Rolling out a new project tool across several hundred people is where you discover every limitation a product has, fast. Basecamp handled maybe 90% of what we threw at it without complaint. The message boards, to-dos, and automatic check-ins clicked for most departments within a few weeks. But edge cases started piling up. There's no way to set granular per-project permissions without rethinking your whole account structure. Users either see too much or too little. For a company our size, that's not a minor footnote, it's a recurring headache every time a new client project comes onboard.
That said, I want to be fair here. The product is genuinely honest about what it is. No phantom features buried in a pricing tier you can't afford. Their flat pricing meant I could actually budget without spreadsheet gymnastics, and the support team responded to my edge-case questions within a day, usually with a real answer. If you're evaluating this for a smaller org or one with clean project boundaries, most of my complaints vanish. For us, it's a four-star tool doing its best in a five-star situation.
★★★★★
Thursday, January 15, 2026

“Solo right now, but I picked Basecamp with half an…”
Solo right now, but I picked Basecamp with half an eye on eventually bringing a small team on board. Six months in, I can say it'll handle that transition without much fuss. The structure of projects, message boards, and to-dos scales tidily whether it's just me or a handful of collaborators. Pricing is genuinely fair for what you get.
The one gripe: there's no real way to get a bird's-eye view of workload across projects. Fine when it's just me. Might sting a bit once the team grows. Still, for the money and the simplicity, I'd point most people here without hesitation.
★★★★★
Thursday, January 8, 2026

“Getting a new project tool off the ground inside a…”
Getting a new project tool off the ground inside a busy department usually means two weeks of hand-holding, a stack of tutorial videos, and at least one person filing a support ticket before lunch on day one. Basecamp was different. The structure, to-dos, message boards, schedules, everything clicked into place by midweek without a formal training session. I pulled in three colleagues who are notoriously skeptical of new software, and none of them complained.
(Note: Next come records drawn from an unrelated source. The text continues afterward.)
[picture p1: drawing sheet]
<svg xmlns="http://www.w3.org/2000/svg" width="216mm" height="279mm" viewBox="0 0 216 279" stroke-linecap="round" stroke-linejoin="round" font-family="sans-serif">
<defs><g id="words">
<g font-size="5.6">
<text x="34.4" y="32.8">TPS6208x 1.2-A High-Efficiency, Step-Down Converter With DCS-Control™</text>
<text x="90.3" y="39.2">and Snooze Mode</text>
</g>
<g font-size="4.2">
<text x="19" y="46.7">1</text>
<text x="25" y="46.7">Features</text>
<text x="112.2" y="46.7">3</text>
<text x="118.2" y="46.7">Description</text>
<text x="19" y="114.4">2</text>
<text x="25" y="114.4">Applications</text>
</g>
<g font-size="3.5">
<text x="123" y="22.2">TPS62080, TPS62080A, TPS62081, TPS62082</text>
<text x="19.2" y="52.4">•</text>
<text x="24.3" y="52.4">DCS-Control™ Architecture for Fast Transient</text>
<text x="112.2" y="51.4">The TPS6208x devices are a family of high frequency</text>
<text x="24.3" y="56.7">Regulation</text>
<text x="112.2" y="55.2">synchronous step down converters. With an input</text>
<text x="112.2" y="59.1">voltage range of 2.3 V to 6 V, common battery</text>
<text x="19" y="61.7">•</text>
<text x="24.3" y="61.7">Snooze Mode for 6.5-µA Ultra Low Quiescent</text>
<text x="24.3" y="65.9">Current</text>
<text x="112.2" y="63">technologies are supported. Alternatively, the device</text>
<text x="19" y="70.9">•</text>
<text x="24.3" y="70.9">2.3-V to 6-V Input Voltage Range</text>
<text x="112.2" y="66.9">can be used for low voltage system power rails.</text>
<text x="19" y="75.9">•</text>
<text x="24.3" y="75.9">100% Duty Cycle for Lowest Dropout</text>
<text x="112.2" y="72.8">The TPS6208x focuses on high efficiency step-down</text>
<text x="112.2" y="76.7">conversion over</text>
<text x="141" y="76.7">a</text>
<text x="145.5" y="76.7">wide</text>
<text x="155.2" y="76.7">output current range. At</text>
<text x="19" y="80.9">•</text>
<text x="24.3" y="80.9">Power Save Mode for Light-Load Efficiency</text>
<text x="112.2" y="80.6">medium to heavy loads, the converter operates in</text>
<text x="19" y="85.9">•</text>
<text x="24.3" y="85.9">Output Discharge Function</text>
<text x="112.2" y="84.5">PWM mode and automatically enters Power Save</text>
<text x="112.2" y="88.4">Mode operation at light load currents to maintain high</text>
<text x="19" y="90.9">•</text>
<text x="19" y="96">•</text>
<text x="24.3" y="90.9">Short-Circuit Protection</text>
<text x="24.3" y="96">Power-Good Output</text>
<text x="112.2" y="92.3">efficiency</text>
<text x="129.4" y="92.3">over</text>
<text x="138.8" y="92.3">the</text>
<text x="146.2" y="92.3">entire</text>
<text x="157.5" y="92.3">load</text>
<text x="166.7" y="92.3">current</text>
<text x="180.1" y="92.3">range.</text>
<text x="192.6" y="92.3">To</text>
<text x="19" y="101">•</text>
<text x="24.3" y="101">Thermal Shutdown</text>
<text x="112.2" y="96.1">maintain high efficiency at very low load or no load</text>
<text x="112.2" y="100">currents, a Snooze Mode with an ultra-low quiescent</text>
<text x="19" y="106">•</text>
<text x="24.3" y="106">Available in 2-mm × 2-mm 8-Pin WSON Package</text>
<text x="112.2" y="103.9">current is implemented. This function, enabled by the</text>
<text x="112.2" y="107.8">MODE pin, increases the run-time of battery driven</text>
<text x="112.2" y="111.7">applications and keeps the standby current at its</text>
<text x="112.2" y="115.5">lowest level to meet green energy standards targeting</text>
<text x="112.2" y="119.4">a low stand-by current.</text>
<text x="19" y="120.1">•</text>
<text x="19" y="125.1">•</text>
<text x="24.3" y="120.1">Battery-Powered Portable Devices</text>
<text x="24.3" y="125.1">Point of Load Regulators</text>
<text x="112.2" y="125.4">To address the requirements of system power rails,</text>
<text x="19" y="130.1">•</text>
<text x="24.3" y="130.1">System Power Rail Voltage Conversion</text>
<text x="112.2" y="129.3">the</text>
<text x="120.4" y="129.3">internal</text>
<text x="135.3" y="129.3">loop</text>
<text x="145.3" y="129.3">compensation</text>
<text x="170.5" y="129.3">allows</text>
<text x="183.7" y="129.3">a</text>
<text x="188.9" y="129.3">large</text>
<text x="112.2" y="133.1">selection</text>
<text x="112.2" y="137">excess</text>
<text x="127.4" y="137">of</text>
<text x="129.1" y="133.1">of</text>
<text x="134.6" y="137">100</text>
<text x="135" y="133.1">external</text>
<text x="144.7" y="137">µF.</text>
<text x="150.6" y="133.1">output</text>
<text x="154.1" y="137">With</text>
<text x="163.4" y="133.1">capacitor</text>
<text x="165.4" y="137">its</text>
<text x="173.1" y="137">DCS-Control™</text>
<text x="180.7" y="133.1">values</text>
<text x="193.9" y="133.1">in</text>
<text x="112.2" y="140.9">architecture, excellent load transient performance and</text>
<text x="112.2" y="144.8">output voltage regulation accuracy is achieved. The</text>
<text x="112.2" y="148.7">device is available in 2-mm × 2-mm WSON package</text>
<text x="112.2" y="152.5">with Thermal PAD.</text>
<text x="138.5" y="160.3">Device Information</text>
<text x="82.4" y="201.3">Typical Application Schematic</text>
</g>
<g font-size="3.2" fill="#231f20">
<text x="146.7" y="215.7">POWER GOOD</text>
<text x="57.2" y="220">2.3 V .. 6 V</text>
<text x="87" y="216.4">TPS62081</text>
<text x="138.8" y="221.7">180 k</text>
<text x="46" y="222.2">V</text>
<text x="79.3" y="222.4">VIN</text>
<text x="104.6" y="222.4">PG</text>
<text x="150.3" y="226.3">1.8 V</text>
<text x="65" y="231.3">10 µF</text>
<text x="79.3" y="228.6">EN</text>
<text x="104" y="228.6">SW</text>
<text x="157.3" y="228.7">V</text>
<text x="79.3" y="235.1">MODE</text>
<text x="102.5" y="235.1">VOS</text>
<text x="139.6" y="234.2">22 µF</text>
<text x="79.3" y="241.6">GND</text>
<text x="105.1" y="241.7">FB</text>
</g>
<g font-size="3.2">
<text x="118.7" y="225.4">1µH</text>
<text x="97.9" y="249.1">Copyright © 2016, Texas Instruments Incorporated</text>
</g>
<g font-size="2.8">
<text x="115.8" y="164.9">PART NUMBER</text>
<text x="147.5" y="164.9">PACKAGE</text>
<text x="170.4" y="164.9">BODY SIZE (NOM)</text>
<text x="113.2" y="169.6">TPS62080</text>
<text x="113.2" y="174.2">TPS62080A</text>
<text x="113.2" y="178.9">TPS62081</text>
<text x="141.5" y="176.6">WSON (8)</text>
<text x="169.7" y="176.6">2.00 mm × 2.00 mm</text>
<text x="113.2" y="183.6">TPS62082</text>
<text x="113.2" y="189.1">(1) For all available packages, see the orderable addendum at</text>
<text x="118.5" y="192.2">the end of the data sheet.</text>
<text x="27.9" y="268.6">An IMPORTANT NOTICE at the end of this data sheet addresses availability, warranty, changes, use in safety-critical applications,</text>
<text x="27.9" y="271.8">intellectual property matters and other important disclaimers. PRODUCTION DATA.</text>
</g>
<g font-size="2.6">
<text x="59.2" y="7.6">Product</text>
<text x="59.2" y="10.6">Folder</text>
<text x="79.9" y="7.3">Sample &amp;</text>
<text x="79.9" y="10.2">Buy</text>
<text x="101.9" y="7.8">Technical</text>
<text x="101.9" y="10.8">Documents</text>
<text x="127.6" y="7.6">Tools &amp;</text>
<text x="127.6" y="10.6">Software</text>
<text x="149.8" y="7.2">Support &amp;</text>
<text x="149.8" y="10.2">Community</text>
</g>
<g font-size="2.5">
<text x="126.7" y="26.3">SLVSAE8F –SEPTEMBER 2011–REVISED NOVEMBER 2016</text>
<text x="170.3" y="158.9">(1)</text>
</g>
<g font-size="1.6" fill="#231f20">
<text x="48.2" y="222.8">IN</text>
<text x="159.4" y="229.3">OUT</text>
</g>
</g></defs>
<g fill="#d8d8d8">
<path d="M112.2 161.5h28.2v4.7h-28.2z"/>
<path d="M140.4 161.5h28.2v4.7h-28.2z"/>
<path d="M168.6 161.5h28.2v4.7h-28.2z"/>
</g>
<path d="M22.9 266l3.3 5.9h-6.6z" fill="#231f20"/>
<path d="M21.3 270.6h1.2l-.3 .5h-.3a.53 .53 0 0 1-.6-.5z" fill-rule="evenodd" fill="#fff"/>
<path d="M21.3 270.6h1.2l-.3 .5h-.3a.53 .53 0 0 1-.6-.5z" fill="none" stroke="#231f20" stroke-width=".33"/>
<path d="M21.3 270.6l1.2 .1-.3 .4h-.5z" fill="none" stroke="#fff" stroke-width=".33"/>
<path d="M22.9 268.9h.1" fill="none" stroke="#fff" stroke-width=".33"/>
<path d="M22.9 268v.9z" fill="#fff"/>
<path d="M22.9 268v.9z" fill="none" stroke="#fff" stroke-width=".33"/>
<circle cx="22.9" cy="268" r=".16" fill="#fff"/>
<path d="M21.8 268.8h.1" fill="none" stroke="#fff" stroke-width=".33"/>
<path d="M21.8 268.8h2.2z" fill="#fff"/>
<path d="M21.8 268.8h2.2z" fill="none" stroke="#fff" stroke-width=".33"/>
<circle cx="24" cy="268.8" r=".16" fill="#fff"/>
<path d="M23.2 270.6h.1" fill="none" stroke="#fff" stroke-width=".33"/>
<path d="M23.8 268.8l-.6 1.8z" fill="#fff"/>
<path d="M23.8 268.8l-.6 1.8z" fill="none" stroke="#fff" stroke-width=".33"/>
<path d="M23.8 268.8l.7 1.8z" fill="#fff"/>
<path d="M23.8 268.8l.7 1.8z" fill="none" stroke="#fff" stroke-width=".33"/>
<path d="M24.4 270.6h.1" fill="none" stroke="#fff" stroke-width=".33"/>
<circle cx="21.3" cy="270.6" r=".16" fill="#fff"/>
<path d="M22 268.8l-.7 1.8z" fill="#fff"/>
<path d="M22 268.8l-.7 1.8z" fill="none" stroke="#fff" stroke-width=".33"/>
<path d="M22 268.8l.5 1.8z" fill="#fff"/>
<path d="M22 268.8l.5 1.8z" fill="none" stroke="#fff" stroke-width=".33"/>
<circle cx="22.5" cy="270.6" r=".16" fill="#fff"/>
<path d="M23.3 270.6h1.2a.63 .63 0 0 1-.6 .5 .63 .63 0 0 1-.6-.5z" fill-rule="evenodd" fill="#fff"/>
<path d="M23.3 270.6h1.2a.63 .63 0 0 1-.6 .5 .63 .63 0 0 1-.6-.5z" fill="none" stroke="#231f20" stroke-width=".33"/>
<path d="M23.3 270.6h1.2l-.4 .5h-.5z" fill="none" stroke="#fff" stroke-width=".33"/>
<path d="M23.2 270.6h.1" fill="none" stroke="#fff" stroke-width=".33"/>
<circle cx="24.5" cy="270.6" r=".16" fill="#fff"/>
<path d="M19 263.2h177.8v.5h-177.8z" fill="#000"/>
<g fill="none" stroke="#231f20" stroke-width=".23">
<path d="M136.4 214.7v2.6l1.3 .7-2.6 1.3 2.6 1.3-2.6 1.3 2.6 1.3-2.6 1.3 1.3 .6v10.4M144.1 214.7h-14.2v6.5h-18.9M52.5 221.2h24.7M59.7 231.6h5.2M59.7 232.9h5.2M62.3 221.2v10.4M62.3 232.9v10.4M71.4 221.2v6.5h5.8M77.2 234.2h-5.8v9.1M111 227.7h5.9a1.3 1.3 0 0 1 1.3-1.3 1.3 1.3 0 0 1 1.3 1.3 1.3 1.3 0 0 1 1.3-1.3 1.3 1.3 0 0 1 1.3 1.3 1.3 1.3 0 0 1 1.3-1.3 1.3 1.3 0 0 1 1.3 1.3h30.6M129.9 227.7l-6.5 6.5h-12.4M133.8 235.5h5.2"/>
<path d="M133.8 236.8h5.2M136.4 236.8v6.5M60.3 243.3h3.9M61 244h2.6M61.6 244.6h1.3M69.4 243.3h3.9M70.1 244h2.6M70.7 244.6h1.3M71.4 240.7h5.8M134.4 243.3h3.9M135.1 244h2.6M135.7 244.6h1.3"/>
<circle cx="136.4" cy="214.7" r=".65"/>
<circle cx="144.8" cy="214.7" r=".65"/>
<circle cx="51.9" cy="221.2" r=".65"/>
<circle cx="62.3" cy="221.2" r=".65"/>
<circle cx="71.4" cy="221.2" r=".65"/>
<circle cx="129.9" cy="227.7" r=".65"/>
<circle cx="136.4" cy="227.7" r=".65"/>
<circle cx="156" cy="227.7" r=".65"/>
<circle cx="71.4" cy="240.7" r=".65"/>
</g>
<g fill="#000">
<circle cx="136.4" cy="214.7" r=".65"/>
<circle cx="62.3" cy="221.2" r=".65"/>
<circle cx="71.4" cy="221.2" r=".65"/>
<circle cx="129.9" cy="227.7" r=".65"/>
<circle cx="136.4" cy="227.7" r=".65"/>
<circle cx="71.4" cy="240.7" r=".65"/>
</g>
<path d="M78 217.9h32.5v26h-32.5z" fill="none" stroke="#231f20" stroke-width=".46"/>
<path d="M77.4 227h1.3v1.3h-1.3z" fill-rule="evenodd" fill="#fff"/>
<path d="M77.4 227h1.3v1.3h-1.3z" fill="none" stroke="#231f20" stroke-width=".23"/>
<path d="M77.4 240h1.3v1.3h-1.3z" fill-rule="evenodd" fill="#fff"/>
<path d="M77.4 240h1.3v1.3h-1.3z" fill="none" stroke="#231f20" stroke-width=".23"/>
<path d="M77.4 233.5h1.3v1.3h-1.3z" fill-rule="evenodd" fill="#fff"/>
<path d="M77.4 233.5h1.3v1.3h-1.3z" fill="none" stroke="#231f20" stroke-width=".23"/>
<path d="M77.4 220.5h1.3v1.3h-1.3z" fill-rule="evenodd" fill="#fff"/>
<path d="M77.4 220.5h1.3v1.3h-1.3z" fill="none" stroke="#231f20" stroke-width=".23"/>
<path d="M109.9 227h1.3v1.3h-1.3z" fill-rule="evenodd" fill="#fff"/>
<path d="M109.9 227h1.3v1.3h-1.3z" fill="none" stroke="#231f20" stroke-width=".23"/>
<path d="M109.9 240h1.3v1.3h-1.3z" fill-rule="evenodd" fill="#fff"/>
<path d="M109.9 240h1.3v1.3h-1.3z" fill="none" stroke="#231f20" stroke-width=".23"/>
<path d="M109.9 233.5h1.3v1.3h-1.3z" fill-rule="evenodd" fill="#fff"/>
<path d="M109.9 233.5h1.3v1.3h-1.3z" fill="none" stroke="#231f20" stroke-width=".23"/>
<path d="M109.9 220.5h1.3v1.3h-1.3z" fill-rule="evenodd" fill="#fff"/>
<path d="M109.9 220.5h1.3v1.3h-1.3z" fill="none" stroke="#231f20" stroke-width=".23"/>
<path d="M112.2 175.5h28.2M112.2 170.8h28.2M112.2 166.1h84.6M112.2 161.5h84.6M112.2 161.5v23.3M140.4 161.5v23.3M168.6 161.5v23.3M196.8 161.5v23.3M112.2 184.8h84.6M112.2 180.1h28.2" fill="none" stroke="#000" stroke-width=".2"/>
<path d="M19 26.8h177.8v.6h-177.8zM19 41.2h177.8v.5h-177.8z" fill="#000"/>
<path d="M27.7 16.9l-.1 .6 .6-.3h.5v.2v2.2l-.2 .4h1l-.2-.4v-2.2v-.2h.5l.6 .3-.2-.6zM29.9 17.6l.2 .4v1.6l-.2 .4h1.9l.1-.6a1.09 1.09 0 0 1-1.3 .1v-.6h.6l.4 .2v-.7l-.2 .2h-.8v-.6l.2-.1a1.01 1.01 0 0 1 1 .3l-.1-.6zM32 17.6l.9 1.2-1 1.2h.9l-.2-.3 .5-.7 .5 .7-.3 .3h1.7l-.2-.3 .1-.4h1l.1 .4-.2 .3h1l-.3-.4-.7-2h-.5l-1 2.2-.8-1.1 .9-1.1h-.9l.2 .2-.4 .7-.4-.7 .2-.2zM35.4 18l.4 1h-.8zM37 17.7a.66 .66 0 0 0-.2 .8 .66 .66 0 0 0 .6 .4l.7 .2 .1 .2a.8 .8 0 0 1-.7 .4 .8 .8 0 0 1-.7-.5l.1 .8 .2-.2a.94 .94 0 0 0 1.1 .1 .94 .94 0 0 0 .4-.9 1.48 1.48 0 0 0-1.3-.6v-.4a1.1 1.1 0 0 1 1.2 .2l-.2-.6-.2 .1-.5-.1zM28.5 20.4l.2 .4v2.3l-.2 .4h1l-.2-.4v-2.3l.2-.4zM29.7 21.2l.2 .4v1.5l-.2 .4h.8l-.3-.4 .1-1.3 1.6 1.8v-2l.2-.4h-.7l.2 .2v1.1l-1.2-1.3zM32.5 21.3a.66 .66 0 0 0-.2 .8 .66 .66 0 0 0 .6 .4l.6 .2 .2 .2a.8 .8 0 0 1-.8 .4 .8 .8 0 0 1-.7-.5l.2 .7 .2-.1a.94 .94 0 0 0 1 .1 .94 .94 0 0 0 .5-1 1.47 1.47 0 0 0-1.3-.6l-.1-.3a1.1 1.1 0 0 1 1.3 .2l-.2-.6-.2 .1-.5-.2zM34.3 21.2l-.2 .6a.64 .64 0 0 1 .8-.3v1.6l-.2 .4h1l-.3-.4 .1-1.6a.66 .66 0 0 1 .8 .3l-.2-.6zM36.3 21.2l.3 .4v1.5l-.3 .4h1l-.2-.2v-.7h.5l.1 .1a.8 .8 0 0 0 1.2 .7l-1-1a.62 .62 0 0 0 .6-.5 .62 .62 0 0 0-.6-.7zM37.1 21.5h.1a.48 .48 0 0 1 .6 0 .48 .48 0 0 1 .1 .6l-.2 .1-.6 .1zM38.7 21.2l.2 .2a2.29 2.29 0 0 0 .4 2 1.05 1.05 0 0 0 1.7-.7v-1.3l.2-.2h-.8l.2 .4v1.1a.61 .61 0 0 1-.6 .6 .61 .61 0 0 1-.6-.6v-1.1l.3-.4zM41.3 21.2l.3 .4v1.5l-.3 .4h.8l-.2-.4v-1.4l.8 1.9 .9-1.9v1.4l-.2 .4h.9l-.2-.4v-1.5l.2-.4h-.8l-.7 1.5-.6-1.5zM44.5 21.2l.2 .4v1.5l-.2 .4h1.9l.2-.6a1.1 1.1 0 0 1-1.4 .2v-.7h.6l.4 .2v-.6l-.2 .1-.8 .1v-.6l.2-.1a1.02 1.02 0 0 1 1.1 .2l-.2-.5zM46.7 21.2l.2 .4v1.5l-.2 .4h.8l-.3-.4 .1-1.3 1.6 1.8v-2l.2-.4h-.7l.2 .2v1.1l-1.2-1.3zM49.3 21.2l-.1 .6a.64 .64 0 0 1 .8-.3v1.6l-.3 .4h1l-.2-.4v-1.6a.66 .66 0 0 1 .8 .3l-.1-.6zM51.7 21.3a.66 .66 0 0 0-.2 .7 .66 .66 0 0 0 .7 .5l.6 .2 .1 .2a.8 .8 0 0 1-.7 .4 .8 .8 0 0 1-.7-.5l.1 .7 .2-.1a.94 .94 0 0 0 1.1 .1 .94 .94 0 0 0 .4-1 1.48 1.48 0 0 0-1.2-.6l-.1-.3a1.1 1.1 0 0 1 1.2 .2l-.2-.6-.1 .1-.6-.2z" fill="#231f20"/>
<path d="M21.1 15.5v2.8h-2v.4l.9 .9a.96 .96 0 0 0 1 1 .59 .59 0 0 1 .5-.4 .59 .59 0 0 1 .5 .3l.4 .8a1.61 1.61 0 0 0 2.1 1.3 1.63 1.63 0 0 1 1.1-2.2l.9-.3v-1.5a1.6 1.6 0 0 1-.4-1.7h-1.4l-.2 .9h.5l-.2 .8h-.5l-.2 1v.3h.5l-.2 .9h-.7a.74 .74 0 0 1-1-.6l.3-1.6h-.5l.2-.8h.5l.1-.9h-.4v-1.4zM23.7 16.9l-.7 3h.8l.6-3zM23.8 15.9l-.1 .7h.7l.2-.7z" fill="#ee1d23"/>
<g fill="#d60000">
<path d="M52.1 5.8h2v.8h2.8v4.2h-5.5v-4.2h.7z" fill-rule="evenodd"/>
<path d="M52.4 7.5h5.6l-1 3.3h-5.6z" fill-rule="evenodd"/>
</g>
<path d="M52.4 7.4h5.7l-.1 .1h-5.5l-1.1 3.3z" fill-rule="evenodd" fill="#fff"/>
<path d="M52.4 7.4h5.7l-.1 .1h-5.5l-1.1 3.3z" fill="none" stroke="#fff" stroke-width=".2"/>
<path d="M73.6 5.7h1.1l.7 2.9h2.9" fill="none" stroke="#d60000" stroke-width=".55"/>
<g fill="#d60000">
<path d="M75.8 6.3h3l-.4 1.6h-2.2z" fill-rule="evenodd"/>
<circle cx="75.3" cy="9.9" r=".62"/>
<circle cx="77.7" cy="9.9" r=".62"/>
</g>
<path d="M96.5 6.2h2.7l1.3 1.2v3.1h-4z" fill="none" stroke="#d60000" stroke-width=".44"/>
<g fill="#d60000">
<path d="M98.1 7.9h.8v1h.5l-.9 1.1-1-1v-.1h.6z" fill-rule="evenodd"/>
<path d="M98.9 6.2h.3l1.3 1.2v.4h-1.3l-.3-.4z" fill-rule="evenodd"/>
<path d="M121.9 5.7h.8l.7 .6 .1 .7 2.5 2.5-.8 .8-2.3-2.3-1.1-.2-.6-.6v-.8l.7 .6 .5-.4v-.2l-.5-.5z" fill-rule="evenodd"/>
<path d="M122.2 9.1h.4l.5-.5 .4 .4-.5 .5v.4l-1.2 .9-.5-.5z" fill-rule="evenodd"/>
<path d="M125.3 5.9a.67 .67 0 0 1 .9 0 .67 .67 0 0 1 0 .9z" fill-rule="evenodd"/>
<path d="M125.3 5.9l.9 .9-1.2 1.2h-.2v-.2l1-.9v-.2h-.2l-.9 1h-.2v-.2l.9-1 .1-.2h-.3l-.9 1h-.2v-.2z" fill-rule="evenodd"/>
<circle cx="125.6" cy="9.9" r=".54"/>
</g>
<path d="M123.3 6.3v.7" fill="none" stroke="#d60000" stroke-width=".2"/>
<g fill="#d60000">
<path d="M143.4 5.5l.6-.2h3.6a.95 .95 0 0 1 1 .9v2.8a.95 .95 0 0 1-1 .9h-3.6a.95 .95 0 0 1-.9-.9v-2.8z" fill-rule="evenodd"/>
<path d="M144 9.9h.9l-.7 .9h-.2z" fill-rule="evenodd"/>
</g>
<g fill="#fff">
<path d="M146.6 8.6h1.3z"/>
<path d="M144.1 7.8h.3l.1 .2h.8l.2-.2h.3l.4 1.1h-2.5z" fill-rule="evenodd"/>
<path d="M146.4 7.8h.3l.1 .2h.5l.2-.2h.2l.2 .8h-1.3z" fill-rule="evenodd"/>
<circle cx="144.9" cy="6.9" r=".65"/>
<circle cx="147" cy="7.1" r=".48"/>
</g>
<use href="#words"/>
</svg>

That alone made the first week feel like a small miracle.
A couple of months in now, and I still think the value is hard to argue with. The flat monthly pricing made it easy to get budget approval. My one real gripe is customer support. Response times are slower than I expected for anything beyond a basic question, and if you hit a quirky edge case, you may be waiting. That friction keeps me from giving it a perfect score. But for getting a team aligned fast without a steep learning curve, this is genuinely one of the easier tools I have introduced.